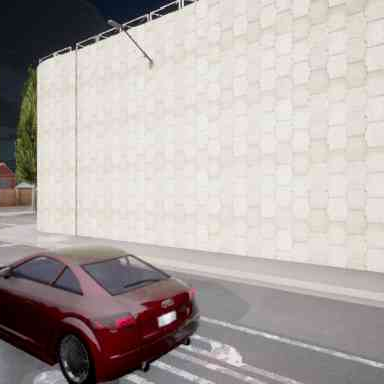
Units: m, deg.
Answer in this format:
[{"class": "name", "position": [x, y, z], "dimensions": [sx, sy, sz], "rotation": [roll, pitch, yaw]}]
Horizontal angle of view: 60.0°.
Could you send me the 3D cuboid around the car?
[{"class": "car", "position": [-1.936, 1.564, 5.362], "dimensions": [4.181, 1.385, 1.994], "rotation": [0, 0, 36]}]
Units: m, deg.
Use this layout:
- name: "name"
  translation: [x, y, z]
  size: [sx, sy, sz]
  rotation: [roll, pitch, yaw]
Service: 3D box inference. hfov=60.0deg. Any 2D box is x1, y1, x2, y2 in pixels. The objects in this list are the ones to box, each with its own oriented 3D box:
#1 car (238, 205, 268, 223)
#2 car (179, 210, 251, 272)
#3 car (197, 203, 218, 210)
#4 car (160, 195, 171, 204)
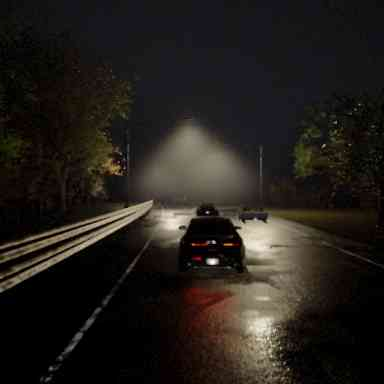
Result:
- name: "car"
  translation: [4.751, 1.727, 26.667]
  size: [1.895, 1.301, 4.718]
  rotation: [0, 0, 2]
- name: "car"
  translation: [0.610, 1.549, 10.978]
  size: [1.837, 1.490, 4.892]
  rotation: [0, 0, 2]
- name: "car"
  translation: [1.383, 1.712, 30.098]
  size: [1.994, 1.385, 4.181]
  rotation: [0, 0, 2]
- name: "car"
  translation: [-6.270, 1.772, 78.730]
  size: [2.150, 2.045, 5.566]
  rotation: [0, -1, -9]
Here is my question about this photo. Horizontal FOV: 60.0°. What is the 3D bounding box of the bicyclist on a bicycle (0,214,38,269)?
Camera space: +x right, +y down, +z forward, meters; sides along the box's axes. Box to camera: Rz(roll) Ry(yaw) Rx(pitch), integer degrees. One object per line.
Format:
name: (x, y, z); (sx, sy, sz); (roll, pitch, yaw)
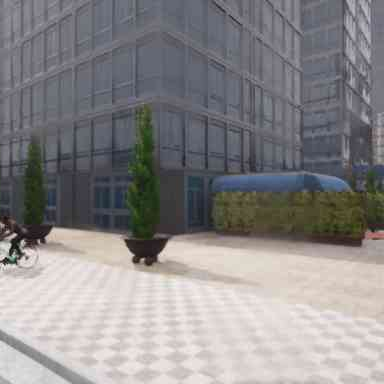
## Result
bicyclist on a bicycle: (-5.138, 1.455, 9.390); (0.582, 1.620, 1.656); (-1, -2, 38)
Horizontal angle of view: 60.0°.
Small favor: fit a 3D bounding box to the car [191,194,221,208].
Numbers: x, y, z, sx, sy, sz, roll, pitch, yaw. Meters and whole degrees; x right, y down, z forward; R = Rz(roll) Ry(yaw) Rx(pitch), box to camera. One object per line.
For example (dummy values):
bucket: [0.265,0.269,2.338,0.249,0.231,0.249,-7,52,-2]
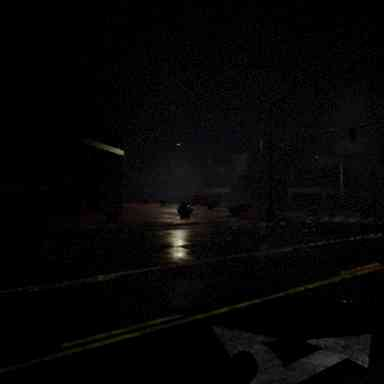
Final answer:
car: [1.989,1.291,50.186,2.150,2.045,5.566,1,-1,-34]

+ + + + +

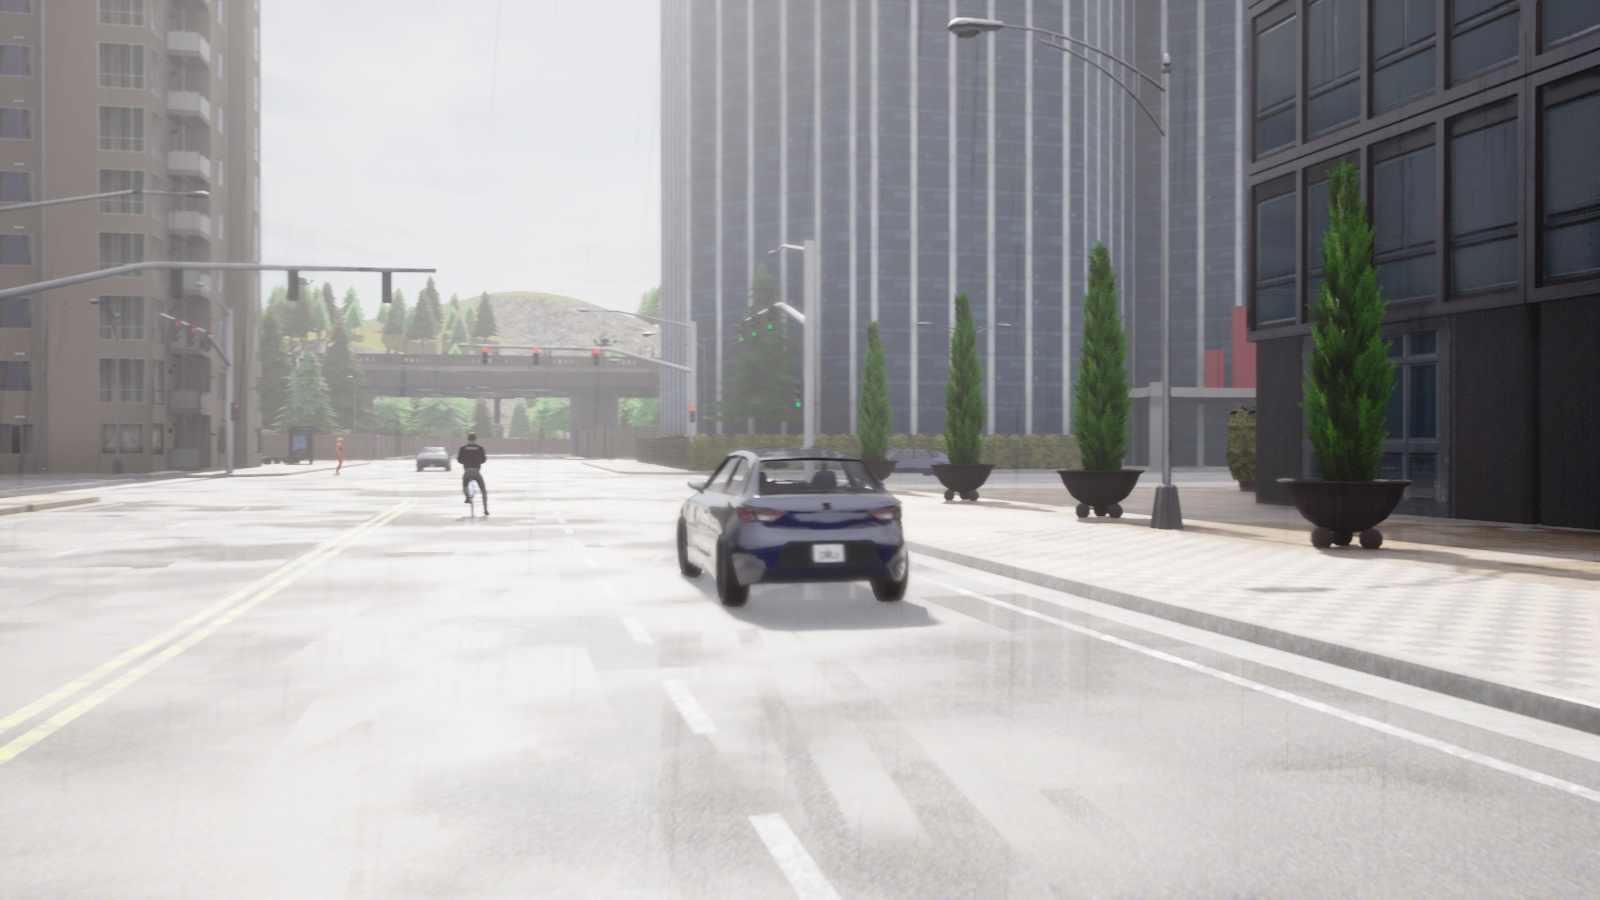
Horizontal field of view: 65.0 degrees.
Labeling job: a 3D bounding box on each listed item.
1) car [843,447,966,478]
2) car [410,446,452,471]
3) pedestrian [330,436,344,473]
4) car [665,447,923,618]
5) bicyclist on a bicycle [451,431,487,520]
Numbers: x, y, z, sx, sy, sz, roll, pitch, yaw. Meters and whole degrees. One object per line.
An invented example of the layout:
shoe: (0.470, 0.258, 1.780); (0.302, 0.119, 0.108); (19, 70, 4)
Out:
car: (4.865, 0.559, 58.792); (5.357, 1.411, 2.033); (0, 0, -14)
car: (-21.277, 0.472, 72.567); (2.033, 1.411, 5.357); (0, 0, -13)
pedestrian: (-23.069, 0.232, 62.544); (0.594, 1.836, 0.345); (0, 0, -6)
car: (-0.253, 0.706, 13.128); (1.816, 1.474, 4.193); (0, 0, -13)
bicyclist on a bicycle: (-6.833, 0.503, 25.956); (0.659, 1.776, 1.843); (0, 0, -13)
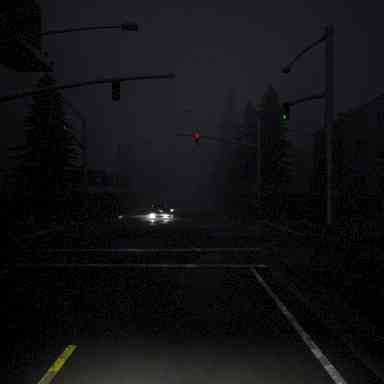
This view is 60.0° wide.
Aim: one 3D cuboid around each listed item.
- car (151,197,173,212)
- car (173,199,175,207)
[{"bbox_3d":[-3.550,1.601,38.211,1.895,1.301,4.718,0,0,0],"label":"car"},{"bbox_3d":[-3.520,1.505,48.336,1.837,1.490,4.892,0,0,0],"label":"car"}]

+ + + + +

> **Assigned task**
Filter the entries above and return only the lines holding "layout".

> **Task answer**
Use this layout:
An invented example of the layout:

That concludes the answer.